Jayalalithaa came to conquer by assuring that she would reintroduce prohibition, something many women her bastion had supposedly held against her. She announced more freebies to placate an electorate, some of whom, it was feared, would move away from her. How the state exchequer will bear the burden is anybody’s guess.


DMK’s Good Show

Jaya went alone, and this paid off handsomely. In doing so, she called the bluff of smaller parties – mainly caste groups – who were something of an albatross around her neck. This victory should help her rid herself of the need to pander to caste divisions for which the state is so well known.

But Jaya has reasons to worry about the DMK’s good showing – 60 seats more than the last elections. According to first estimates, both AIADMK and DMK had the same – 40 percent of votes. She may not, however, be overawed by this, as DMK patriarch M Karunanidhi is pushing 92, and Stalin derives his clout from being his son. His standing is likely to wane after his father’s time. He also has to contend with his rebel  brother, Alagiri, who is not reconciled to having been sidelined. The feud between the brothers is relentless, and this is likely to intensify in the days to come.

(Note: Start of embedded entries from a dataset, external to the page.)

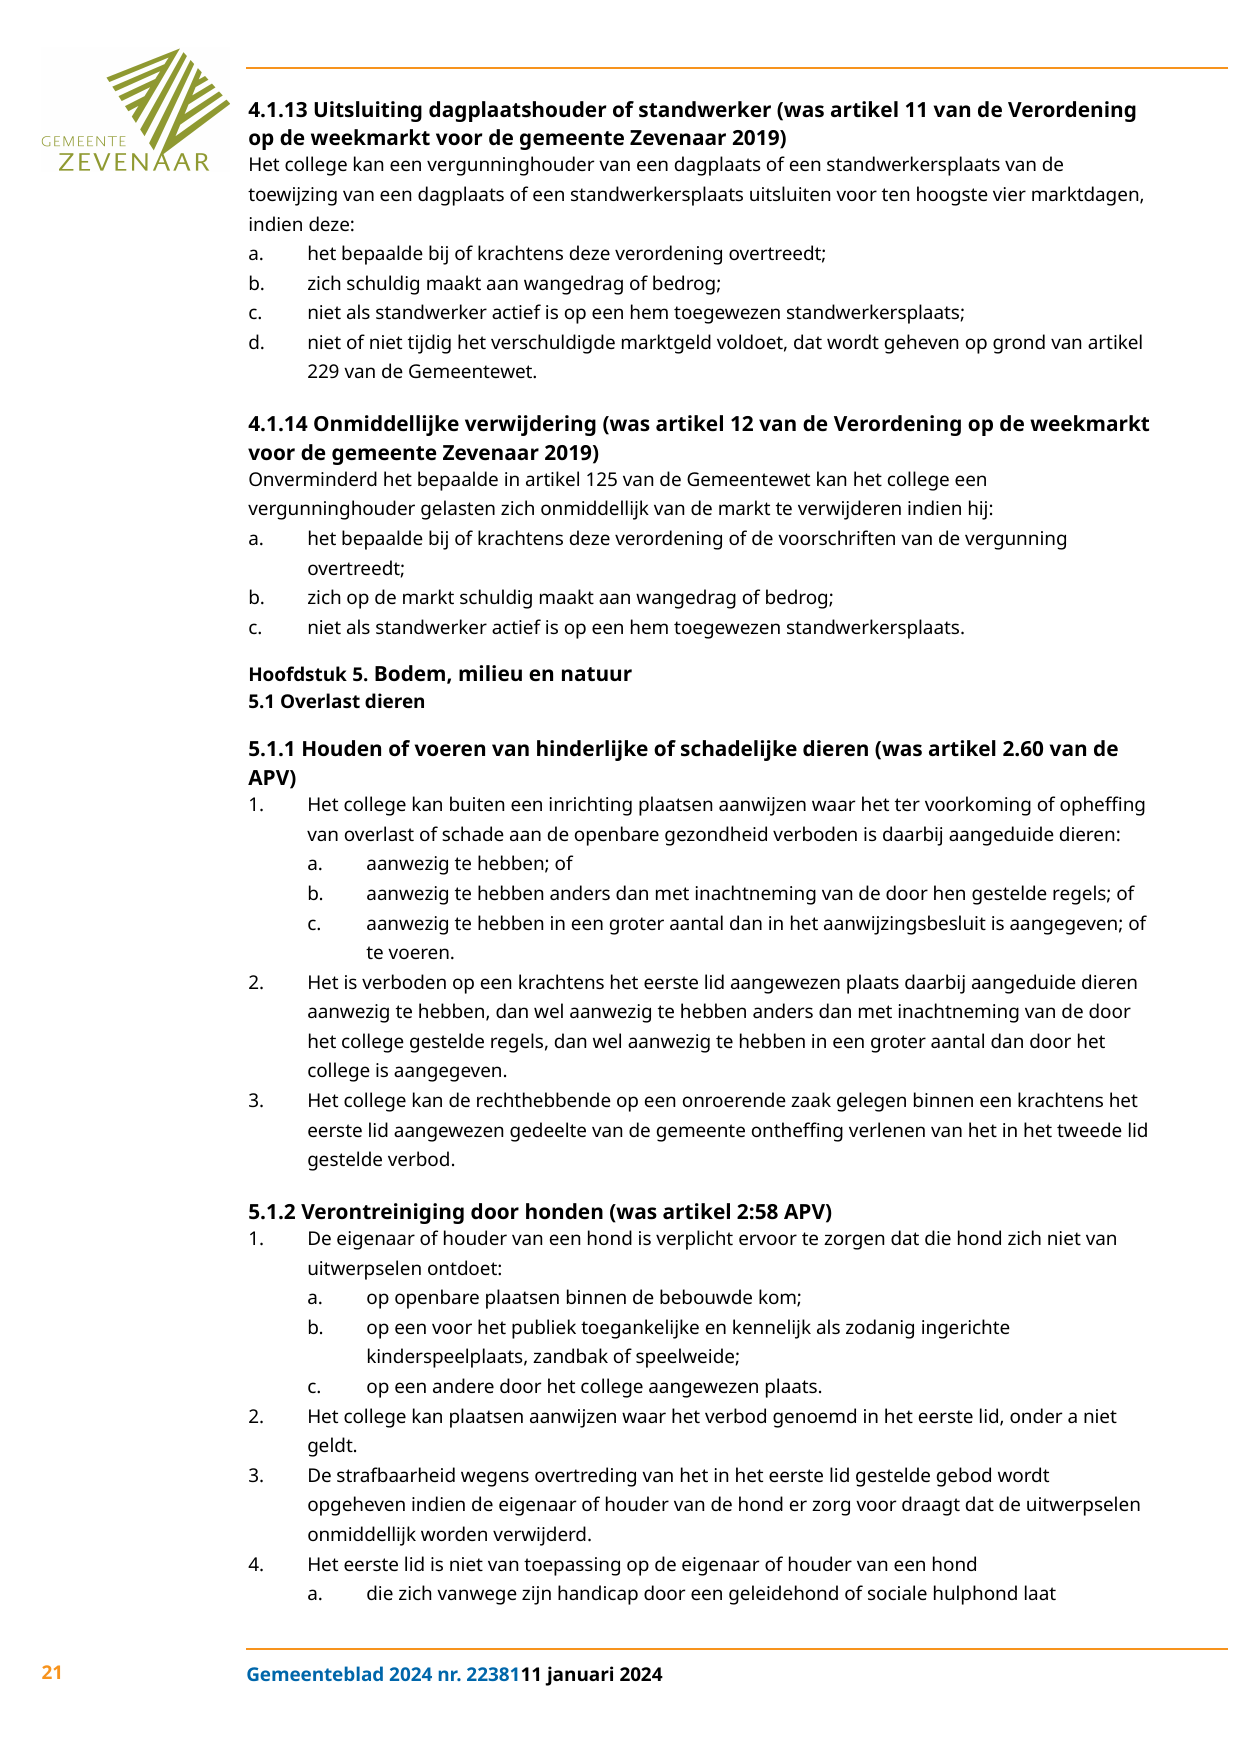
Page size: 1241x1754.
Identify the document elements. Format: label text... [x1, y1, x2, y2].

list het bepaalde bij of krachtens deze verordening overtreedt; [248, 240, 1152, 266]
list De eigenaar of houder van een hond is verplicht ervoor te zorgen dat die hond zich niet van uitwerpselen ontdoet: [248, 1225, 1152, 1281]
list op een voor het publiek toegankelijke en kennelijk als zodanig ingerichte kinderspeelplaats, zandbak of speelweide; [307, 1314, 1152, 1369]
text 4.1.13 Uitsluiting dagplaatshouder of standwerker (was artikel 11 van de Verordening op de weekmarkt voor de gemeente Zevenaar 2019) [248, 95, 1152, 152]
text 5.1.1 Houden of voeren van hinderlijke of schadelijke dieren (was artikel 2.60 van de APV) [248, 734, 1152, 791]
text Het college kan een vergunninghouder van een dagplaats of een standwerkersplaats van de toewijzing van een dagplaats of een standwerkersplaats uitsluiten voor ten hoogste vier marktdagen, indien deze: [248, 152, 1152, 237]
list zich schuldig maakt aan wangedrag of bedrog; [248, 270, 1152, 296]
list niet of niet tijdig het verschuldigde marktgeld voldoet, dat wordt geheven op grond van artikel 229 van de Gemeentewet. [248, 329, 1152, 384]
list Het eerste lid is niet van toepassing op de eigenaar of houder van een hond [248, 1551, 1152, 1576]
list het bepaalde bij of krachtens deze verordening of de voorschriften van de vergunning overtreedt; [248, 525, 1152, 581]
text Onverminderd het bepaalde in artikel 125 van de Gemeentewet kan het college een vergunninghouder gelasten zich onmiddellijk van de markt te verwijderen indien hij: [248, 466, 1152, 521]
list De strafbaarheid wegens overtreding van het in het eerste lid gestelde gebod wordt opgeheven indien de eigenaar of houder van de hond er zorg voor draagt dat de uitwerpselen onmiddellijk worden verwijderd. [248, 1462, 1152, 1547]
list die zich vanwege zijn handicap door een geleidehond of sociale hulphond laat [307, 1580, 1152, 1606]
text 5.1 Overlast dieren [248, 688, 1152, 714]
list Het college kan de rechthebbende op een onroerende zaak gelegen binnen een krachtens het eerste lid aangewezen gedeelte van de gemeente ontheffing verlenen van het in het tweede lid gestelde verbod. [248, 1087, 1152, 1172]
list aanwezig te hebben; of [307, 851, 1152, 876]
text 5.1.2 Verontreiniging door honden (was artikel 2:58 APV) [248, 1197, 1152, 1225]
list op een andere door het college aangewezen plaats. [307, 1373, 1152, 1399]
list Het is verboden op een krachtens het eerste lid aangewezen plaats daarbij aangeduide dieren aanwezig te hebben, dan wel aanwezig te hebben anders dan met inachtneming van de door het college gestelde regels, dan wel aanwezig te hebben in een groter aantal dan door het college is aangegeven. [248, 969, 1152, 1083]
list Het college kan plaatsen aanwijzen waar het verbod genoemd in het eerste lid, onder a niet geldt. [248, 1403, 1152, 1458]
list niet als standwerker actief is op een hem toegewezen standwerkersplaats. [248, 614, 1152, 640]
list op openbare plaatsen binnen de bebouwde kom; [307, 1284, 1152, 1310]
list aanwezig te hebben anders dan met inachtneming van de door hen gestelde regels; of [307, 880, 1152, 906]
list aanwezig te hebben in een groter aantal dan in het aanwijzingsbesluit is aangegeven; of te voeren. [307, 910, 1152, 965]
list niet als standwerker actief is op een hem toegewezen standwerkersplaats; [248, 299, 1152, 325]
list Het college kan buiten een inrichting plaatsen aanwijzen waar het ter voorkoming of opheffing van overlast of schade aan de openbare gezondheid verboden is daarbij aangeduide dieren: [248, 791, 1152, 847]
text 4.1.14 Onmiddellijke verwijdering (was artikel 12 van de Verordening op de weekmarkt voor de gemeente Zevenaar 2019) [248, 409, 1152, 466]
list zich op de markt schuldig maakt aan wangedrag of bedrog; [248, 584, 1152, 610]
text Hoofdstuk 5. Bodem, milieu en natuur [248, 659, 1152, 688]
picture [41, 47, 231, 172]

Tamil Nadu Chief Minister and AIADMK Supremo J Jayalalithaa is greeted by a party cadre after the party’s win in the state Assembly polls, in Chennai on Thursday. (Photo: PTI)
Tamil Nadu Chief Minister and AIADMK Supremo J Jayalalithaa is greeted by a party cadre after the party’s win in the state Assembly polls, in Chennai on Thursday. (Photo: PTI)

Declining Health

The one criticism against Jaya is that she is imperious and inaccessible. But then, the Jaya of today is not the same as of a decade ago. She has mellowed greatly and knows how to play her cards well. She knows, too, that the Centre can help her a great deal by way of fiscal assistance. Her relationship with Prime Minister Narendra Modi has always been cordial, although she may not exactly be cordial with the state BJP. That is her style. Friendship with those who matter, and contempt for the others!

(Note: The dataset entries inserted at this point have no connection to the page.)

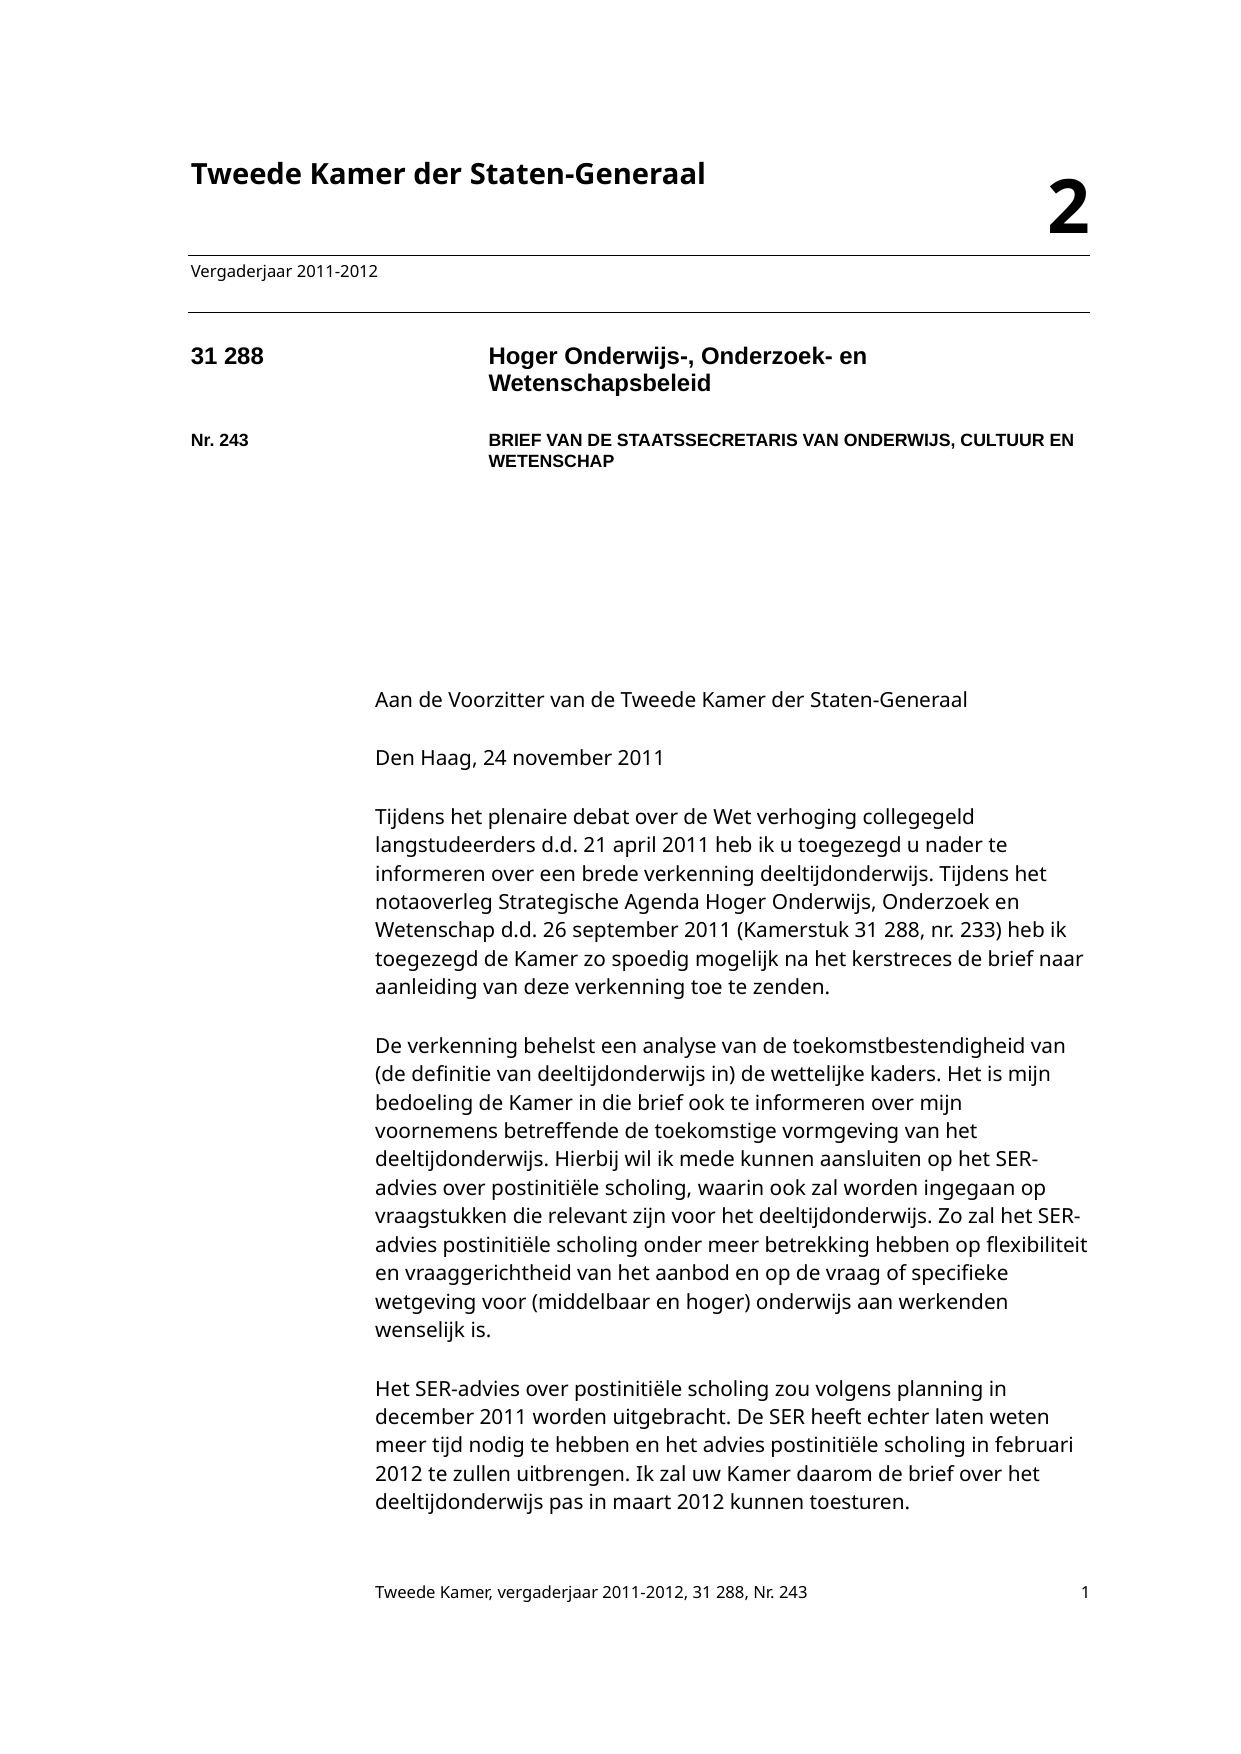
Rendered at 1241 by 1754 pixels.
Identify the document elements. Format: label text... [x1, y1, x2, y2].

table_header Tweede Kamer der Staten-Generaal [188, 150, 909, 255]
table_cell [485, 256, 1090, 312]
table_cell Vergaderjaar 2011-2012 [188, 256, 485, 312]
table_cell BRIEF VAN DE STAATSSECRETARIS VAN ONDERWIJS, CULTUUR EN WETENSCHAP [485, 427, 1090, 566]
table_cell Hoger Onderwijs-, Onderzoek- en Wetenschapsbeleid [485, 339, 1090, 427]
text Den Haag, 24 november 2011 [375, 743, 1090, 772]
table_cell [485, 313, 1090, 339]
table_cell 31 288 [188, 339, 485, 427]
table_cell Nr. 243 [188, 427, 485, 566]
table_cell [188, 313, 485, 339]
text De verkenning behelst een analyse van de toekomstbestendigheid van (de definitie van deeltijdonderwijs in) de wettelijke kaders. Het is mijn bedoeling de Kamer in die brief ook te informeren over mijn voornemens betreffende de toekomstige vormgeving van het deeltijdonderwijs. Hierbij wil ik mede kunnen aansluiten op het SER-advies over postinitiële scholing, waarin ook zal worden ingegaan op vraagstukken die relevant zijn voor het deeltijdonderwijs. Zo zal het SER-advies postinitiële scholing onder meer betrekking hebben op flexibiliteit en vraaggerichtheid van het aanbod en op de vraag of specifieke wetgeving voor (middelbaar en hoger) onderwijs aan werkenden wenselijk is. [375, 1031, 1090, 1344]
table_header 2 [910, 150, 1090, 255]
text Het SER-advies over postinitiële scholing zou volgens planning in december 2011 worden uitgebracht. De SER heeft echter laten weten meer tijd nodig te hebben en het advies postinitiële scholing in februari 2012 te zullen uitbrengen. Ik zal uw Kamer daarom de brief over het deeltijdonderwijs pas in maart 2012 kunnen toesturen. [375, 1374, 1090, 1516]
text Tijdens het plenaire debat over de Wet verhoging collegegeld langstudeerders d.d. 21 april 2011 heb ik u toegezegd u nader te informeren over een brede verkenning deeltijdonderwijs. Tijdens het notaoverleg Strategische Agenda Hoger Onderwijs, Onderzoek en Wetenschap d.d. 26 september 2011 (Kamerstuk 31 288, nr. 233) heb ik toegezegd de Kamer zo spoedig mogelijk na het kerstreces de brief naar aanleiding van deze verkenning toe te zenden. [375, 802, 1090, 1001]
text Aan de Voorzitter van de Tweede Kamer der Staten-Generaal [375, 685, 1090, 713]

Many of Jaya’s well-wishers would want her to be more accessible to her officials. But she is known for keeping everybody at a distance and in suspense.

Jaya’s greatest quality is her decisiveness. This is particularly in the area of law and order. Gone are the DMK days when even the smallest functionary could walk into a police station and make illegal demands. The question is, how long will she be able to maintain her hold against declining health?


Jaya Sets a Record

  • Despite setting a record – that of an incumbent making it to power again in Tamil Nadu – DMK’s good show is a cause of worry for Jaya.
  • DMK has to set its own house in order with the feud between Alagiri and Stalin likely to intensify in the coming days.
  • While AIADMK may rejoice at its recent victory, Jaya’s declining health poses a question for her ability to administer.

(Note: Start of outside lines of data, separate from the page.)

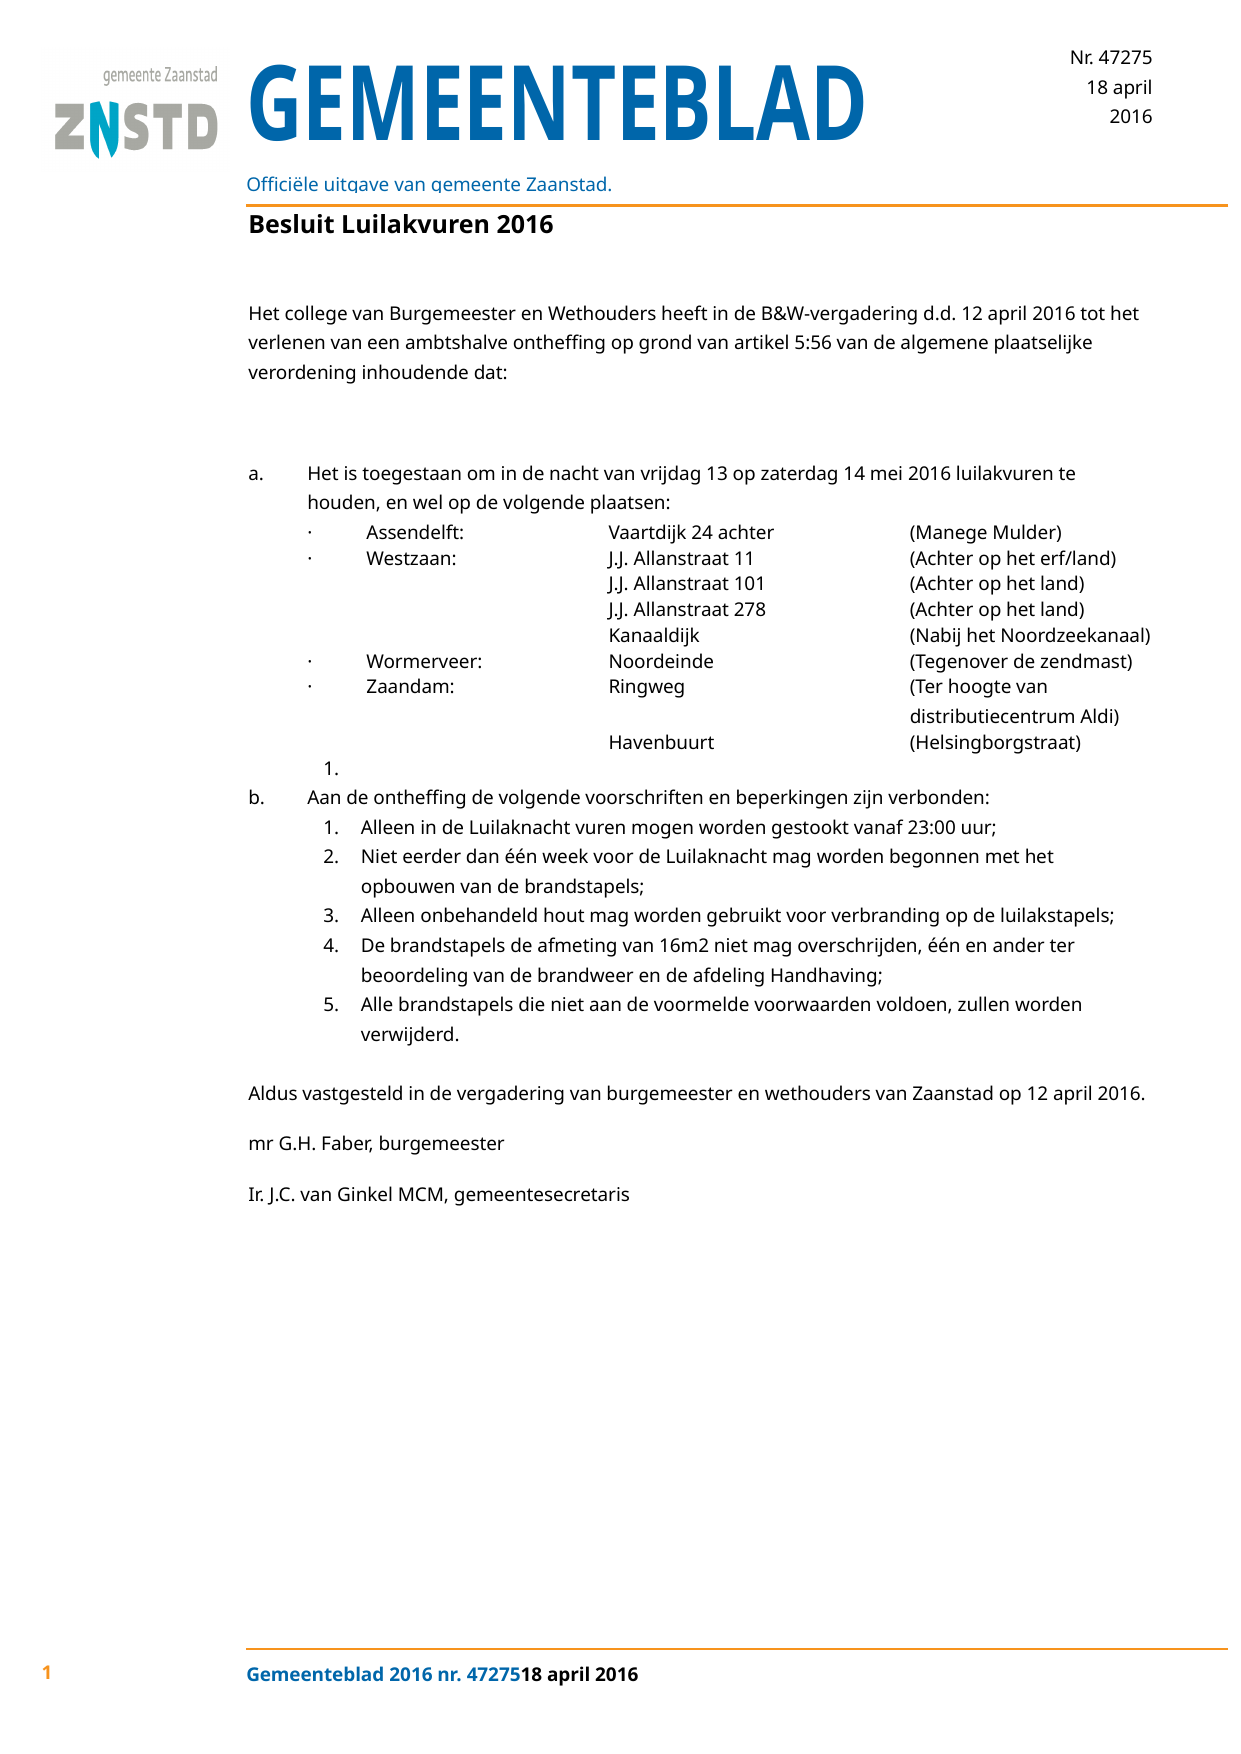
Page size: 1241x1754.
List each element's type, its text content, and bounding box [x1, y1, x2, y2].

table_cell Noordeinde [608, 648, 909, 673]
table_cell Ringweg [608, 674, 909, 729]
table_cell Havenbuurt [608, 729, 909, 754]
table_header Vaartdijk 24 achter [608, 519, 909, 545]
text Aldus vastgesteld in de vergadering van burgemeester en wethouders van Zaanstad op 12 april 2016. [248, 1080, 1152, 1106]
table_header Assendelft: [307, 519, 608, 545]
table_cell J.J. Allanstraat 278 [608, 596, 909, 622]
table_cell (Tegenover de zendmast) [910, 648, 1211, 673]
table_header (Manege Mulder) [910, 519, 1211, 545]
table_cell (Ter hoogte van distributiecentrum Aldi) [910, 674, 1211, 729]
table_cell [307, 571, 608, 596]
list Alleen onbehandeld hout mag worden gebruikt voor verbranding op de luilakstapels; [323, 903, 1152, 928]
list Het is toegestaan om in de nacht van vrijdag 13 op zaterdag 14 mei 2016 luilakvuren te houden, en wel op de volgende plaatsen: [248, 460, 1152, 515]
table_cell Wormerveer: [307, 648, 608, 673]
table_cell J.J. Allanstraat 11 [608, 545, 909, 571]
table_cell (Achter op het erf/land) [910, 545, 1211, 571]
list Aan de ontheffing de volgende voorschriften en beperkingen zijn verbonden: [248, 784, 1152, 810]
list De brandstapels de afmeting van 16m2 niet mag overschrijden, één en ander ter beoordeling van de brandweer en de afdeling Handhaving; [323, 932, 1152, 987]
picture [41, 47, 231, 172]
text Ir. J.C. van Ginkel MCM, gemeentesecretaris [248, 1181, 1152, 1207]
table_cell J.J. Allanstraat 101 [608, 571, 909, 596]
list Alle brandstapels die niet aan de voormelde voorwaarden voldoen, zullen worden verwijderd. [323, 991, 1152, 1047]
table_cell [307, 596, 608, 622]
text Besluit Luilakvuren 2016 [248, 207, 1152, 241]
list Alleen in de Luilaknacht vuren mogen worden gestookt vanaf 23:00 uur; [323, 814, 1152, 839]
text mr G.H. Faber, burgemeester [248, 1131, 1152, 1156]
table_cell Kanaaldijk [608, 622, 909, 648]
table_cell Zaandam: [307, 674, 608, 729]
list Niet eerder dan één week voor de Luilaknacht mag worden begonnen met het opbouwen van de brandstapels; [323, 843, 1152, 899]
table_cell [307, 729, 608, 754]
table_cell (Achter op het land) [910, 571, 1211, 596]
table_cell Westzaan: [307, 545, 608, 571]
table_cell (Nabij het Noordzeekanaal) [910, 622, 1211, 648]
text Het college van Burgemeester en Wethouders heeft in de B&W-vergadering d.d. 12 april 2016 tot het verlenen van een ambtshalve ontheffing op grond van artikel 5:56 van de algemene plaatselijke verordening inhoudende dat: [248, 300, 1152, 385]
table_cell (Achter op het land) [910, 596, 1211, 622]
table_cell (Helsingborgstraat) [910, 729, 1211, 754]
table_cell [307, 622, 608, 648]

I have served five chief ministers. She was the most articulate and firm of all of them. If a decision had to be taken, she would never procrastinate. That is her mantra for success.

I have fond memories of her. She graced my son’s wedding, and stayed on for an hour.  It is an entirely different matter that our paths departed thereafter. Given good health, she is probably destined for greater honours in national life.